** Exercise material follows **

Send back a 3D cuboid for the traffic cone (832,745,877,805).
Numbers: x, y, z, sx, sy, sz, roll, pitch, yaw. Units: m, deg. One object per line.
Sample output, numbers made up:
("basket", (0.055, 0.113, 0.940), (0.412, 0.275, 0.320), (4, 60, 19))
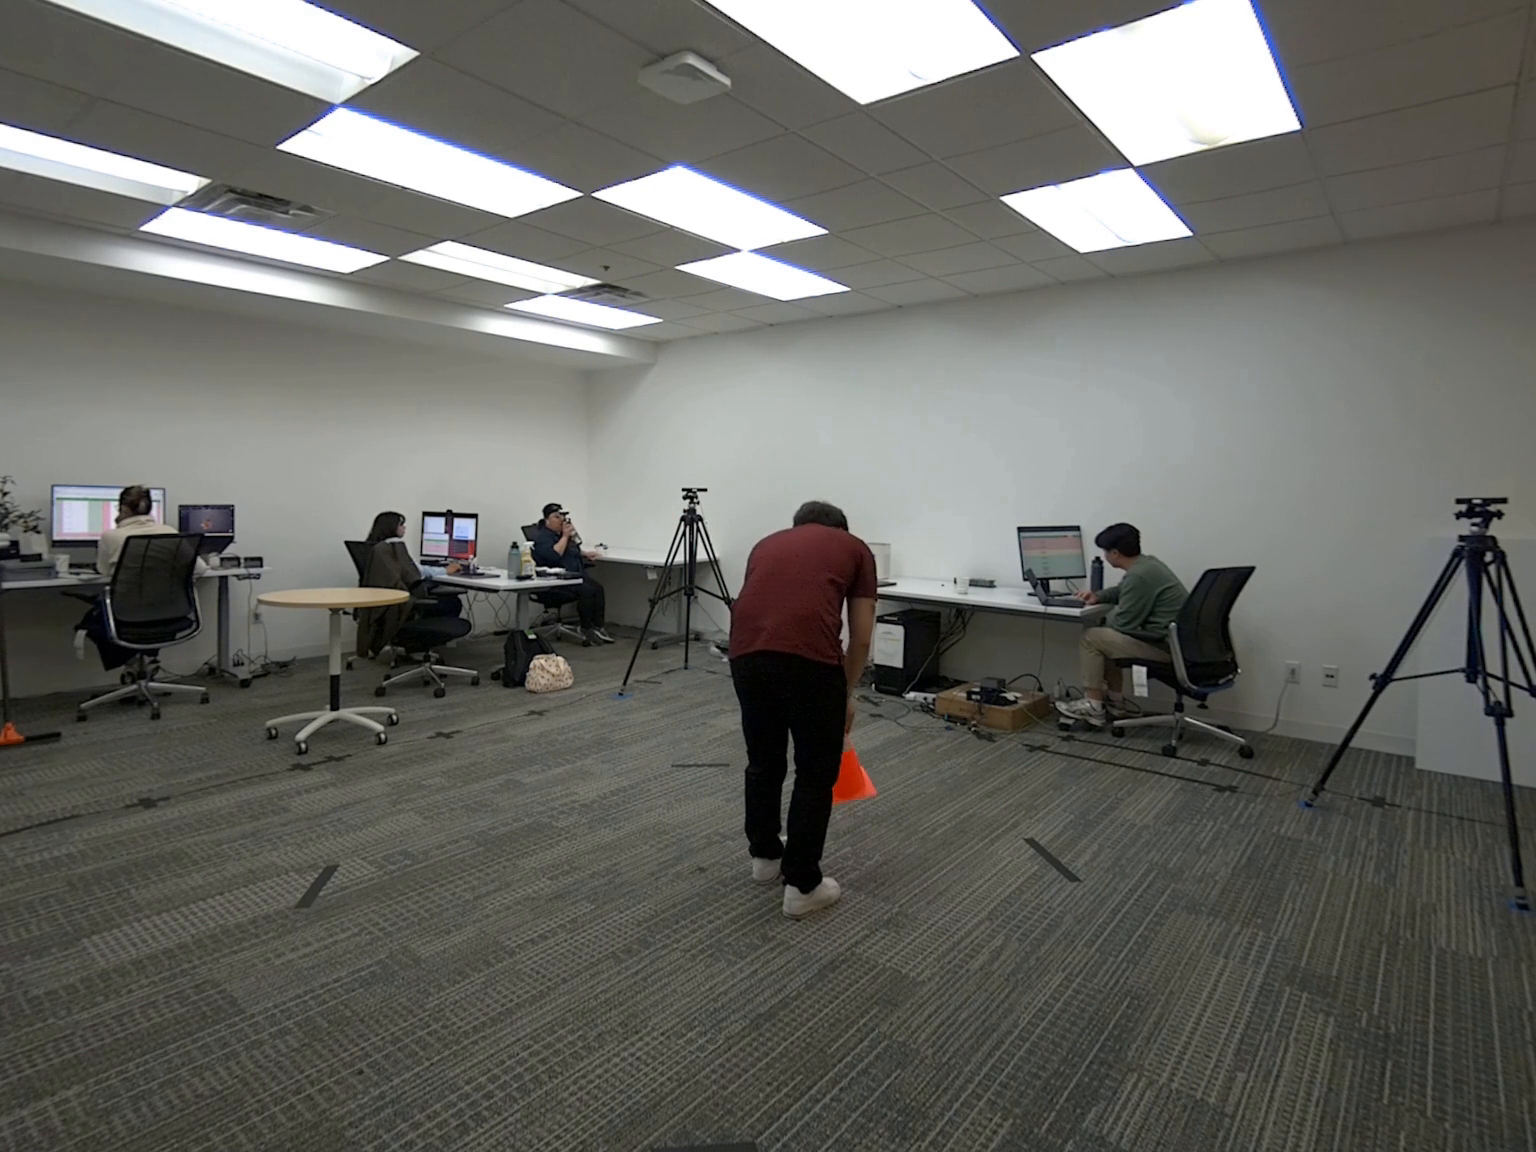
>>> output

** End of Exercise material **

> **Your assignment**:
Write out each entry word for word, images excluded.

> **Exercise solution**:
Send back a 3D cuboid for the traffic cone (832,745,877,805).
Numbers: x, y, z, sx, sy, sz, roll, pitch, yaw. Units: m, deg. One object per line.
Sample output, numbers made up:
("basket", (0.055, 0.113, 0.940), (0.412, 0.275, 0.320), (4, 60, 19))
>>> output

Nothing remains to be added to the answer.